Please help clarify this wording of Cisco's doc. I read through but still NOT clear what's that mean.

Screen Shot 2556-11-30 at 11.29.24 AM.png

Wording of

A high-gain antenna on an access point will receive a signal from a 5-mW client from a greater distance than a low-gain antenna. It is the difference in transmitter power and receiver sensitivity that matters because the gain of an antenna is reciprocal.

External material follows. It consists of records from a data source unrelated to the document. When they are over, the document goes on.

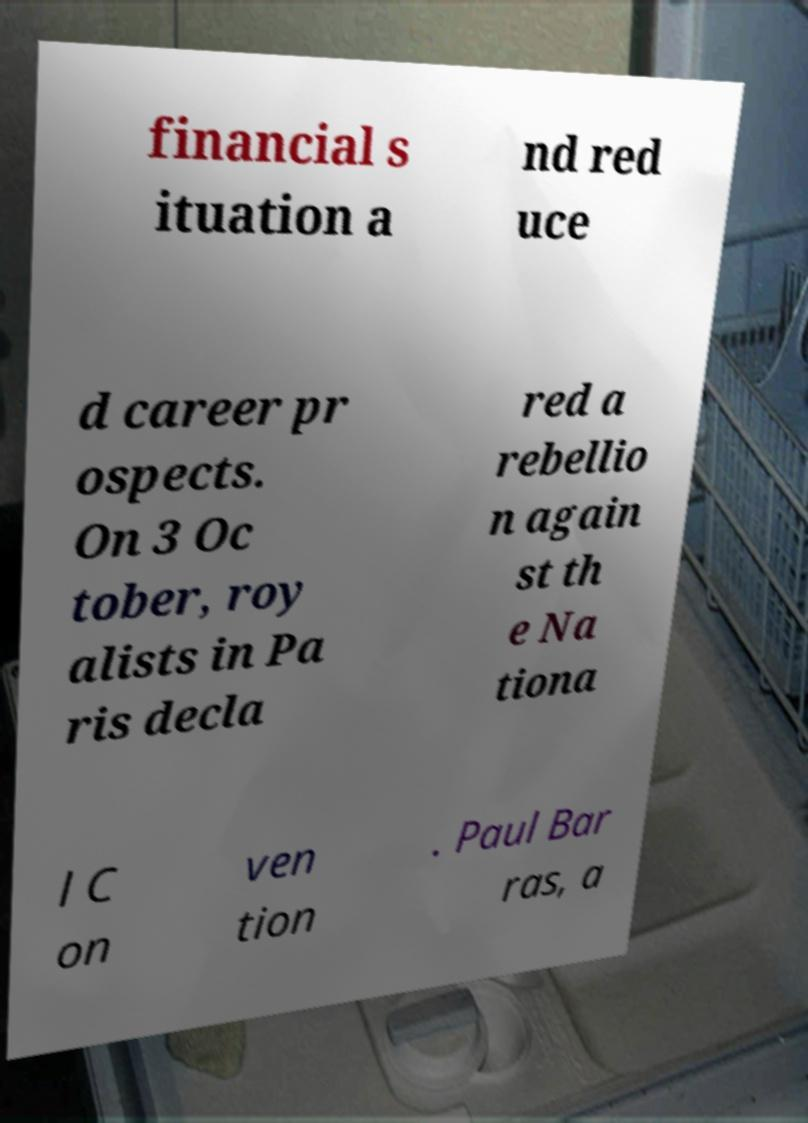What messages or text are displayed in this image? I need them in a readable, typed format. financial s ituation a nd red uce d career pr ospects. On 3 Oc tober, roy alists in Pa ris decla red a rebellio n again st th e Na tiona l C on ven tion . Paul Bar ras, a 
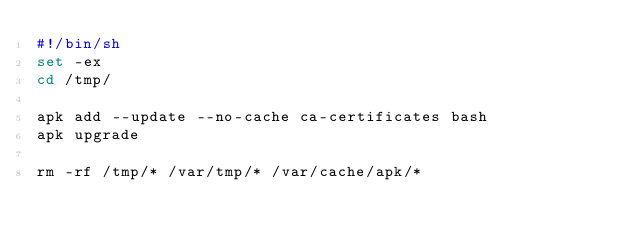Convert code to text. <code><loc_0><loc_0><loc_500><loc_500><_Bash_>#!/bin/sh
set -ex
cd /tmp/

apk add --update --no-cache ca-certificates bash
apk upgrade

rm -rf /tmp/* /var/tmp/* /var/cache/apk/*</code> 
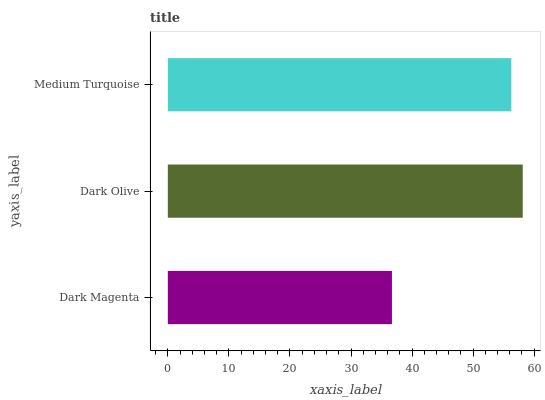Is Dark Magenta the minimum?
Answer yes or no. Yes. Is Dark Olive the maximum?
Answer yes or no. Yes. Is Medium Turquoise the minimum?
Answer yes or no. No. Is Medium Turquoise the maximum?
Answer yes or no. No. Is Dark Olive greater than Medium Turquoise?
Answer yes or no. Yes. Is Medium Turquoise less than Dark Olive?
Answer yes or no. Yes. Is Medium Turquoise greater than Dark Olive?
Answer yes or no. No. Is Dark Olive less than Medium Turquoise?
Answer yes or no. No. Is Medium Turquoise the high median?
Answer yes or no. Yes. Is Medium Turquoise the low median?
Answer yes or no. Yes. Is Dark Olive the high median?
Answer yes or no. No. Is Dark Olive the low median?
Answer yes or no. No.

Does those mean using HIGH-GAIN ant. at AP will help MORE coverage distance cover?

Thank in advance,

Nipat.p

2 ACCEPTED SOLUTIONS

Accepted Solutions
Hall of Fame Super Silver

Re: High Gain AP's Ant.

The higher the gain, the more the signal is radiated. So here is the thing. Will a higher gain increase coverage... Sure it will, but the AP signal will travel further than a client which has a low gain antenna. There is something called EIRP, which in a nutshell is the antenna gain plus the transmit power. Typically you want to match the EIRP for AP and client so there isn't a one way communication. There is a saying about this... It's like a father and son throwing a ball. The father (high gain) can throw the ball at greater distance, but the son (low gain) will not be able to throw the ball to the father.

Hope that makes sense:)

Sent from Cisco Technical Support iPhone App

-Scott
*** Please rate helpful posts ***
Hall of Fame Super Silver

Re: High Gain AP's Ant.

Let me just add to your statement:

Could AP /w high gain ant be able 'Amplify' small signal from a client?

The answer is no... Amplify happens from the transmitter, so your client you'd have to amplify its signal as the AP does not amplify a clients signal.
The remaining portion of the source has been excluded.